Retype, word for word, every line starting at the line with "2. small box [81,58,370,312]" and ending with the final line of the entries; skip the pictures.

(Records from a dataset)
++++++++++++++++++++

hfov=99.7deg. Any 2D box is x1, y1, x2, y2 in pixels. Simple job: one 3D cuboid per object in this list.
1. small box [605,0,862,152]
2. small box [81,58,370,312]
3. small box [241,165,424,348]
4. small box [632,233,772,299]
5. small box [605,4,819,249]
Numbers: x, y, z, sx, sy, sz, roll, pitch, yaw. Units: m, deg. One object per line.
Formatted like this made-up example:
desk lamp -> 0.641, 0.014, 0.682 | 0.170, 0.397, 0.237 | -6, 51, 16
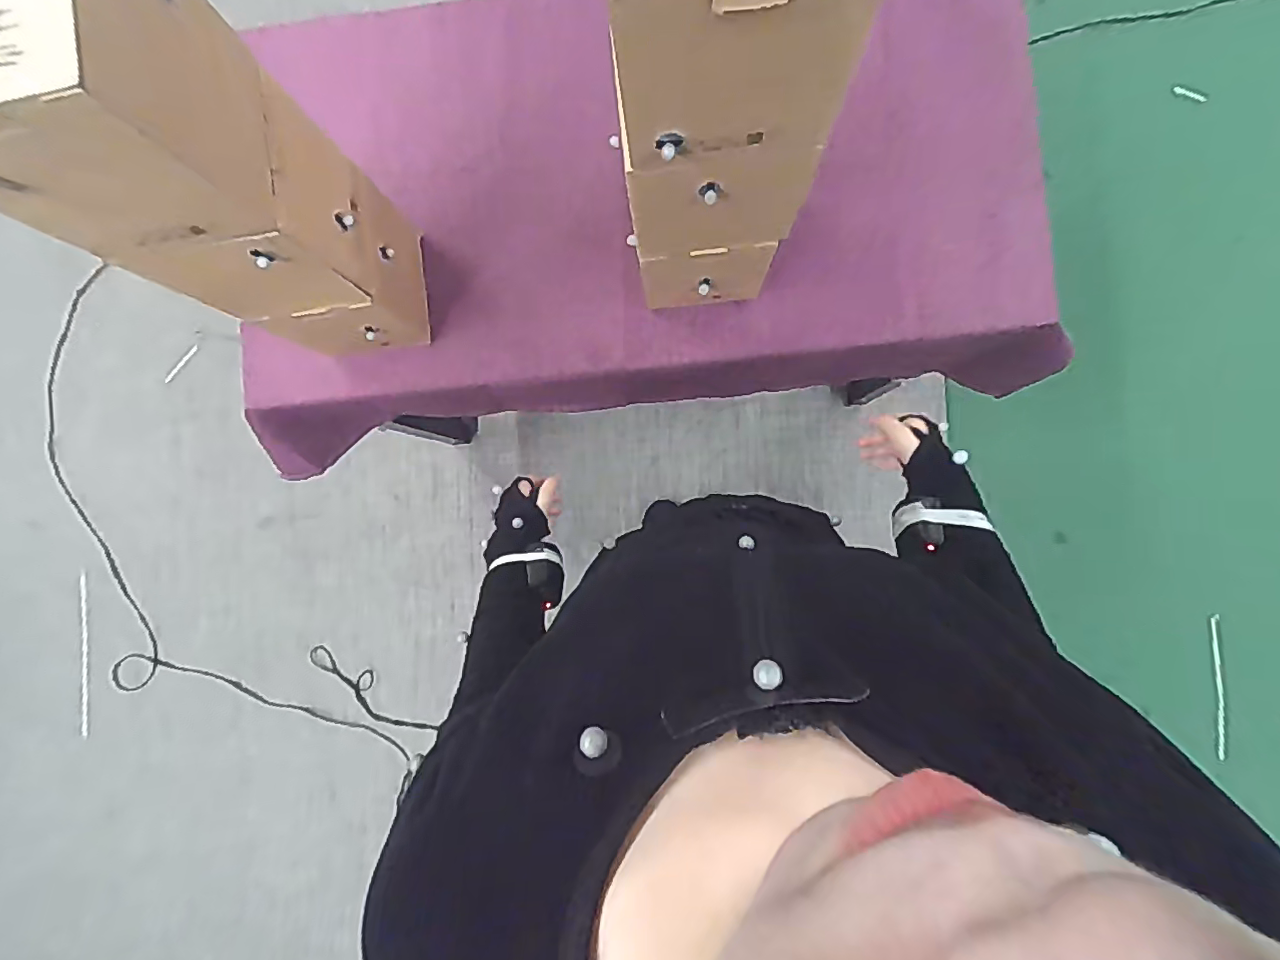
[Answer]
small box -> 0.058, -0.367, 0.388 | 0.168, 0.176, 0.179 | -6, 86, 3
small box -> -0.425, -0.295, 0.580 | 0.179, 0.176, 0.168 | -9, 88, 1
small box -> -0.412, -0.289, 0.741 | 0.168, 0.176, 0.179 | -7, 87, 2
small box -> 0.073, -0.352, 0.717 | 0.168, 0.176, 0.179 | -5, 88, 3
small box -> 0.067, -0.356, 0.552 | 0.179, 0.176, 0.168 | -6, 88, 3

++++++++++++++++++++

[Response area]
2. small box [81,58,370,312]
3. small box [241,165,424,348]
4. small box [632,233,772,299]
5. small box [605,4,819,249]
Numbers: x, y, z, sx, sy, sz, roll, pitch, yaw. Units: m, deg. One object per line.
Formatted like this made-up example:
desk lamp -> 0.641, 0.014, 0.682 | 0.170, 0.397, 0.237 | -6, 51, 16
[Answer]
small box -> 0.058, -0.367, 0.388 | 0.168, 0.176, 0.179 | -6, 86, 3
small box -> -0.425, -0.295, 0.580 | 0.179, 0.176, 0.168 | -9, 88, 1
small box -> -0.412, -0.289, 0.741 | 0.168, 0.176, 0.179 | -7, 87, 2
small box -> 0.073, -0.352, 0.717 | 0.168, 0.176, 0.179 | -5, 88, 3
small box -> 0.067, -0.356, 0.552 | 0.179, 0.176, 0.168 | -6, 88, 3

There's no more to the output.